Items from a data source
==*==

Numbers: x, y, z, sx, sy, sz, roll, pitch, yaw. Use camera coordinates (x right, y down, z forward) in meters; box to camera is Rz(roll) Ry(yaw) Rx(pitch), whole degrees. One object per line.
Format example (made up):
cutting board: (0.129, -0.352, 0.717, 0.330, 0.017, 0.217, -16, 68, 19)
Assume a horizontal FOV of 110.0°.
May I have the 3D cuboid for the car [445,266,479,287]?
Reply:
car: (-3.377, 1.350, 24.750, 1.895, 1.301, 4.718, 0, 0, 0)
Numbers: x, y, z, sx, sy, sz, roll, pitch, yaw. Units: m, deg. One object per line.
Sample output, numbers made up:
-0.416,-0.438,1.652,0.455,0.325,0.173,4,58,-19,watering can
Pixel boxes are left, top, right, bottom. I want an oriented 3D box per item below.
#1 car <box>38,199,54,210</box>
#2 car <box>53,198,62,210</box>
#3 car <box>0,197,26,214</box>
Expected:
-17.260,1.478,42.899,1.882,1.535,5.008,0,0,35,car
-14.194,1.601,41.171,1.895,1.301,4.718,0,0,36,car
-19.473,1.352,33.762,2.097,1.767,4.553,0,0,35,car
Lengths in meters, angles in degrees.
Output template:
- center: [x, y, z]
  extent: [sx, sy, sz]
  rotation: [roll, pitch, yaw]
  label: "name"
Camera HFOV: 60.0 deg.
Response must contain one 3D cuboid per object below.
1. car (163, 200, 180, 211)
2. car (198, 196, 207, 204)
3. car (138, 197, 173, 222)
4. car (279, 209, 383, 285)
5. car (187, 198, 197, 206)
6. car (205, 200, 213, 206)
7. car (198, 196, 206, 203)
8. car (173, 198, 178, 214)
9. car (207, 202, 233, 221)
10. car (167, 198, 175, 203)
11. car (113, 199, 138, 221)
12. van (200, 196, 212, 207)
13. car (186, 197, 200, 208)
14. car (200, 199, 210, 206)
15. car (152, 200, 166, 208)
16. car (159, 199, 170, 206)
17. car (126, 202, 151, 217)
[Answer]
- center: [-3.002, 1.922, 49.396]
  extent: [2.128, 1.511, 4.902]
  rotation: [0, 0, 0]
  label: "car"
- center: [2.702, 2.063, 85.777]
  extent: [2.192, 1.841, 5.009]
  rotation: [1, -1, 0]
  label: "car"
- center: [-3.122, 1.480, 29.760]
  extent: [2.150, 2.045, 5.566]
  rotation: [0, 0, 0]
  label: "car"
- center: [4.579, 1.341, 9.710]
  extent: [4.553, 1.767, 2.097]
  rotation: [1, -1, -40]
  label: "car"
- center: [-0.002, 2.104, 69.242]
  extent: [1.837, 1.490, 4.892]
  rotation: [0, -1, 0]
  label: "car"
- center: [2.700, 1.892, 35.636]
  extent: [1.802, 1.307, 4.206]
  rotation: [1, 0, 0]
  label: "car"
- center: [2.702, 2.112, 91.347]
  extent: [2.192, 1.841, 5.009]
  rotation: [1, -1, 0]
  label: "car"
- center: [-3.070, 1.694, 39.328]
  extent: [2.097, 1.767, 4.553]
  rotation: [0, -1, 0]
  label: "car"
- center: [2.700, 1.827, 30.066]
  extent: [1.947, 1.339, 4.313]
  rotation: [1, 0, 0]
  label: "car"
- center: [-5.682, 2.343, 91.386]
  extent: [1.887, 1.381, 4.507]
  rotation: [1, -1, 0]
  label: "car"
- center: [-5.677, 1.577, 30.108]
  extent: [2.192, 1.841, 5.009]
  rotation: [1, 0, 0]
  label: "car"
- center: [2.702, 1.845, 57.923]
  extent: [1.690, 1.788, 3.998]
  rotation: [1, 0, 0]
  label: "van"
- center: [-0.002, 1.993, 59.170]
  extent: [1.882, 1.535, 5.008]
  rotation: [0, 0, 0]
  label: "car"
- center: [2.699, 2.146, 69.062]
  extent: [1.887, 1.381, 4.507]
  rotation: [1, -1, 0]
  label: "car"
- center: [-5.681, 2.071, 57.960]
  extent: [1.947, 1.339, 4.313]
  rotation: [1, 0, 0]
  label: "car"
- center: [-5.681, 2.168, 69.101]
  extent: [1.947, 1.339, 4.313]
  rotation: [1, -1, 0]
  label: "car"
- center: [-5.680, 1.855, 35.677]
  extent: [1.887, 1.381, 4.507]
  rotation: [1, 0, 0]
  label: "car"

==*==

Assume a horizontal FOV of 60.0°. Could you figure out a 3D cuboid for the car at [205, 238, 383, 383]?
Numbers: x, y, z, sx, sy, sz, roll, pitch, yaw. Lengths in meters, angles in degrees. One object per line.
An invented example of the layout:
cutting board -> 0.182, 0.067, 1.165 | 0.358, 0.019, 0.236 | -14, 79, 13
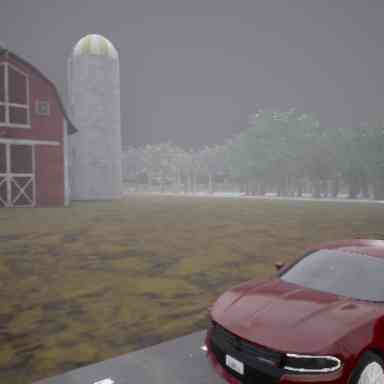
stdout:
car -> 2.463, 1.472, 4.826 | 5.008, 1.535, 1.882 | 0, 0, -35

==*==

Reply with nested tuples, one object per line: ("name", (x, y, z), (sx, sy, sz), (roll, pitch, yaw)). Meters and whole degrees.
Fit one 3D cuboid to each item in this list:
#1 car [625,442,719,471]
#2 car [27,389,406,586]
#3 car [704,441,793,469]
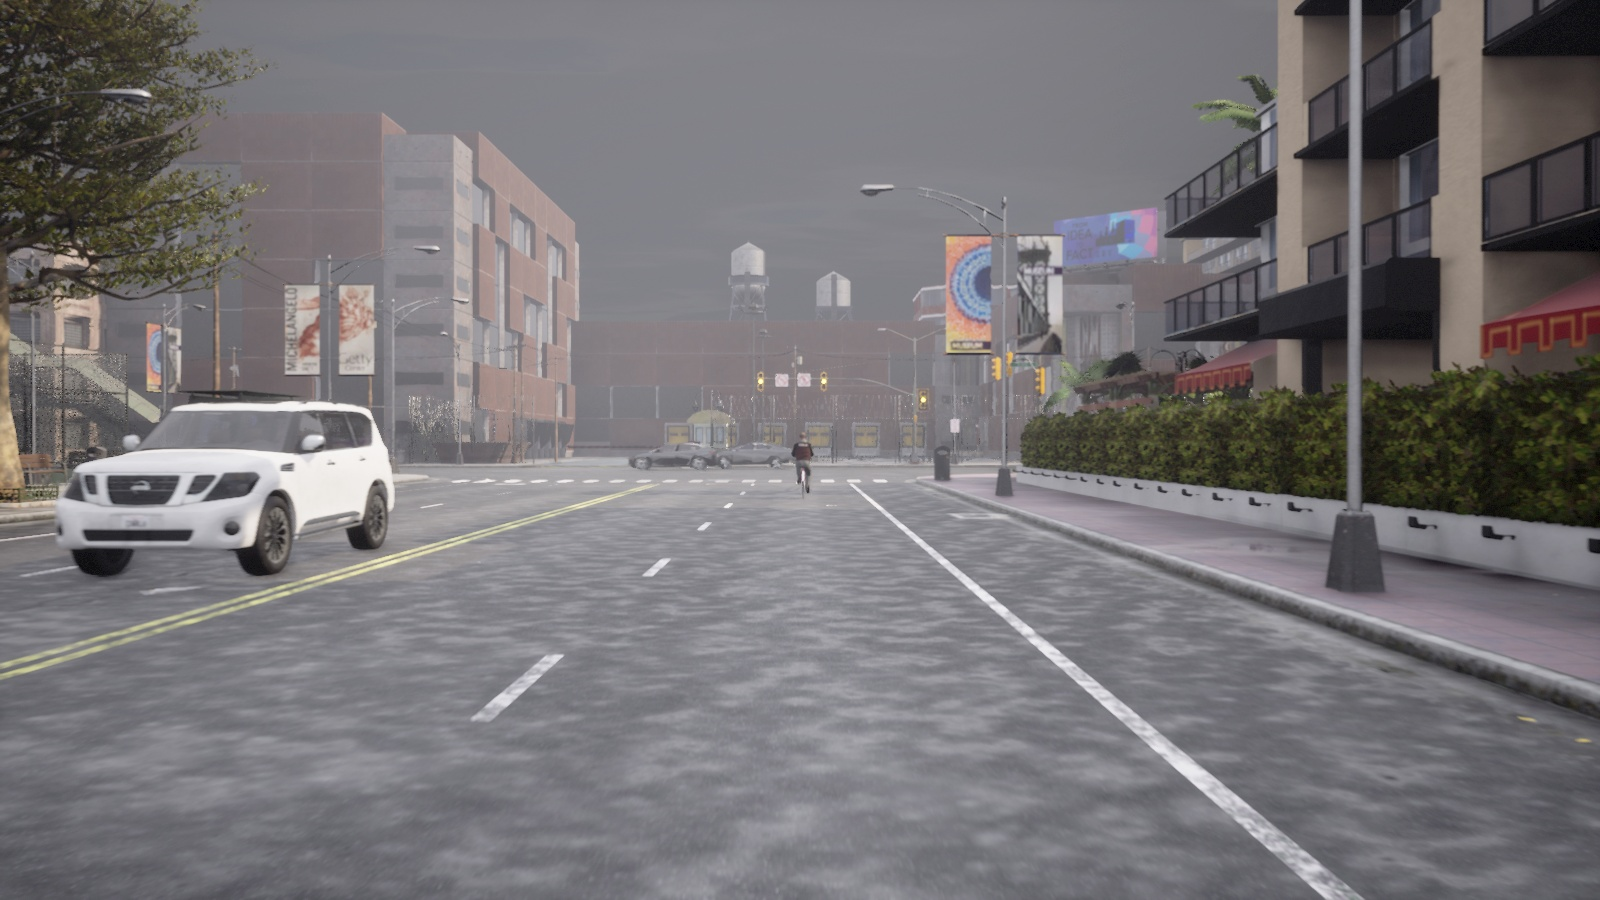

==*==

» **DIRECTIONS FOR THIS TASK**: Copy the records above exactly, beginning at the line that contains "3. car (138, 197, 173, 222)" and stopping after the line that contains "17. car (126, 202, 151, 217)".

» **RESULT BELOW**:
3. car (138, 197, 173, 222)
4. car (279, 209, 383, 285)
5. car (187, 198, 197, 206)
6. car (205, 200, 213, 206)
7. car (198, 196, 206, 203)
8. car (173, 198, 178, 214)
9. car (207, 202, 233, 221)
10. car (167, 198, 175, 203)
11. car (113, 199, 138, 221)
12. van (200, 196, 212, 207)
13. car (186, 197, 200, 208)
14. car (200, 199, 210, 206)
15. car (152, 200, 166, 208)
16. car (159, 199, 170, 206)
17. car (126, 202, 151, 217)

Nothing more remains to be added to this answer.